Work required - Where an entry contains an image, skip the image and print the rest exactly.

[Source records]
________________________
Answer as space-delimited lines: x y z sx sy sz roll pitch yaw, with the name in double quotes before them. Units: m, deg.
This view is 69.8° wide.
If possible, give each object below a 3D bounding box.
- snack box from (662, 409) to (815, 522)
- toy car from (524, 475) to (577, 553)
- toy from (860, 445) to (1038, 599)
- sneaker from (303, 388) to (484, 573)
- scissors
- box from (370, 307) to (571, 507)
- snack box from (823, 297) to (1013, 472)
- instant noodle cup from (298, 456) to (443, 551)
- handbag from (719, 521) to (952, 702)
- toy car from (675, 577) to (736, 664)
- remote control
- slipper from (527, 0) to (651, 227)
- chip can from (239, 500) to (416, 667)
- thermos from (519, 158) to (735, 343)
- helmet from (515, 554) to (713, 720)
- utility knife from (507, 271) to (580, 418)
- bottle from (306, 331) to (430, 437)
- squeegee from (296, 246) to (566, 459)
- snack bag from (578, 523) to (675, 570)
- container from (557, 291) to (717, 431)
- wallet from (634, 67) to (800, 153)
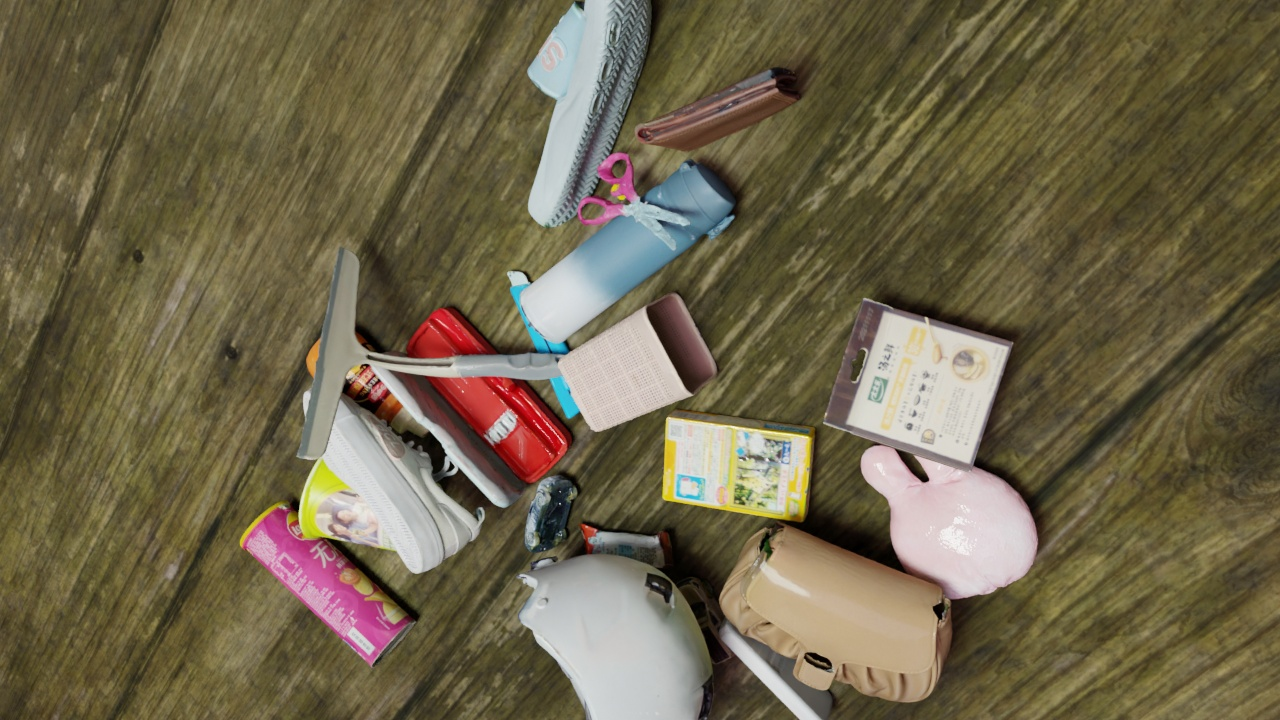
"snack box" 0.092 0.099 0.874 0.140 0.033 0.087 7 106 20
"toy car" -0.096 0.158 0.955 0.034 0.042 0.091 41 124 43
"toy" 0.268 0.130 0.805 0.121 0.054 0.159 -33 82 24
"sneaker" -0.248 0.101 0.924 0.242 0.090 0.090 44 137 24
"scissors" -0.010 -0.125 0.799 0.084 0.017 0.137 -48 53 12
"box" -0.174 0.050 0.922 0.201 0.101 0.095 47 115 3
"snack box" 0.232 0.021 0.772 0.126 0.053 0.113 18 89 17
"instant noodle cup" -0.284 0.156 0.993 0.123 0.111 0.112 16 109 8
"handbag" 0.173 0.231 0.824 0.204 0.099 0.148 20 141 15
"toy car" 0.065 0.262 0.924 0.042 0.035 0.090 -34 88 23
"remote control" 0.132 0.300 0.897 0.136 0.055 0.020 44 114 4
"slipper" -0.056 -0.235 0.808 0.074 0.103 0.246 28 118 14
"chip can" -0.361 0.258 1.061 0.210 0.071 0.072 40 113 6
"thermos" -0.013 -0.097 0.844 0.221 0.070 0.070 -34 90 24
"helmet" -0.013 0.279 0.869 0.146 0.259 0.229 -21 81 -7
"utility knife" -0.093 -0.019 0.919 0.034 0.018 0.159 -24 93 24
"bottle" -0.284 0.030 0.982 0.149 0.066 0.067 40 113 -1
"squeegee" -0.182 0.001 0.887 0.246 0.246 0.039 3 143 -10
"snack bag" -0.015 0.191 0.940 0.104 0.026 0.048 -2 109 20
"container" -0.005 0.005 0.855 0.111 0.089 0.090 -27 93 26
"wallet" 0.067 -0.208 0.765 0.125 0.101 0.032 -19 95 24
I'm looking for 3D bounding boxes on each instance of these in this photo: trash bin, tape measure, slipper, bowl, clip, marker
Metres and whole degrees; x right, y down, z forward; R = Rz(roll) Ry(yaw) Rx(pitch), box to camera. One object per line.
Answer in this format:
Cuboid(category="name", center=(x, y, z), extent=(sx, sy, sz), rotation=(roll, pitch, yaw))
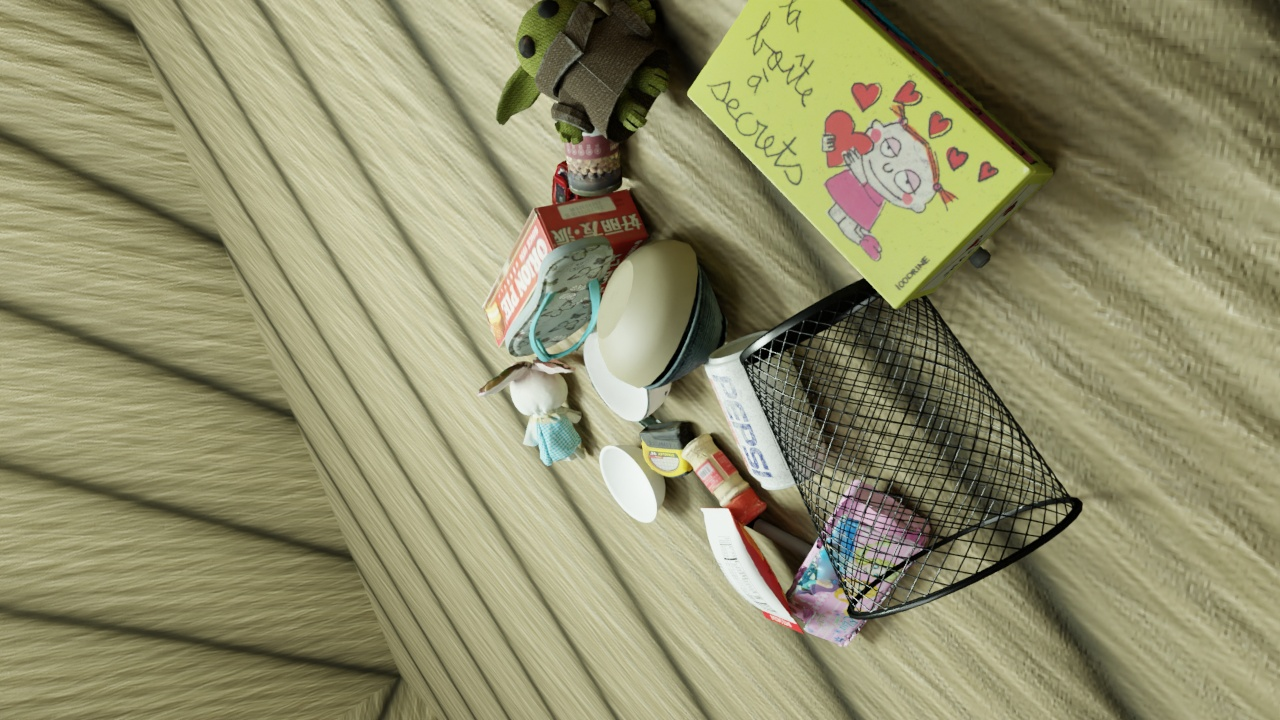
________________________
Solution -
Answer as space-delimited lines: x y z sx sy sz roll pitch yaw, with the name in double quotes before them. Units: m, deg.
This view is 69.8° wide.
If possible, give each object below a 3D bounding box.
- snack box from (662, 409) to (815, 522)
- toy car from (524, 475) to (577, 553)
- toy from (860, 445) to (1038, 599)
- sneaker from (303, 388) to (484, 573)
- scissors
- box from (370, 307) to (571, 507)
- snack box from (823, 297) to (1013, 472)
- instant noodle cup from (298, 456) to (443, 551)
- handbag from (719, 521) to (952, 702)
- toy car from (675, 577) to (736, 664)
- remote control
- slipper from (527, 0) to (651, 227)
- chip can from (239, 500) to (416, 667)
- thermos from (519, 158) to (735, 343)
- helmet from (515, 554) to (713, 720)
- utility knife from (507, 271) to (580, 418)
- bottle from (306, 331) to (430, 437)
- squeegee from (296, 246) to (566, 459)
- snack bag from (578, 523) to (675, 570)
- container from (557, 291) to (717, 431)
- wallet from (634, 67) to (800, 153)
"snack box" 0.092 0.099 0.874 0.140 0.033 0.087 7 106 20
"toy car" -0.096 0.158 0.955 0.034 0.042 0.091 41 124 43
"toy" 0.268 0.130 0.805 0.121 0.054 0.159 -33 82 24
"sneaker" -0.248 0.101 0.924 0.242 0.090 0.090 44 137 24
"scissors" -0.010 -0.125 0.799 0.084 0.017 0.137 -48 53 12
"box" -0.174 0.050 0.922 0.201 0.101 0.095 47 115 3
"snack box" 0.232 0.021 0.772 0.126 0.053 0.113 18 89 17
"instant noodle cup" -0.284 0.156 0.993 0.123 0.111 0.112 16 109 8
"handbag" 0.173 0.231 0.824 0.204 0.099 0.148 20 141 15
"toy car" 0.065 0.262 0.924 0.042 0.035 0.090 -34 88 23
"remote control" 0.132 0.300 0.897 0.136 0.055 0.020 44 114 4
"slipper" -0.056 -0.235 0.808 0.074 0.103 0.246 28 118 14
"chip can" -0.361 0.258 1.061 0.210 0.071 0.072 40 113 6
"thermos" -0.013 -0.097 0.844 0.221 0.070 0.070 -34 90 24
"helmet" -0.013 0.279 0.869 0.146 0.259 0.229 -21 81 -7
"utility knife" -0.093 -0.019 0.919 0.034 0.018 0.159 -24 93 24
"bottle" -0.284 0.030 0.982 0.149 0.066 0.067 40 113 -1
"squeegee" -0.182 0.001 0.887 0.246 0.246 0.039 3 143 -10
"snack bag" -0.015 0.191 0.940 0.104 0.026 0.048 -2 109 20
"container" -0.005 0.005 0.855 0.111 0.089 0.090 -27 93 26
"wallet" 0.067 -0.208 0.765 0.125 0.101 0.032 -19 95 24
I'm looking for 3D bounding boxes on each instance of these in this photo: trash bin, tape measure, slipper, bowl, clip, marker
Metres and whole degrees; x right, y down, z forward; R = Rz(roll) Ry(yaw) Rx(pitch), box to camera. One object per line.
Answer in this format:
Cuboid(category="name", center=(x, y, z), extent=(sx, sy, sz), rotation=(roll, pitch, yaw))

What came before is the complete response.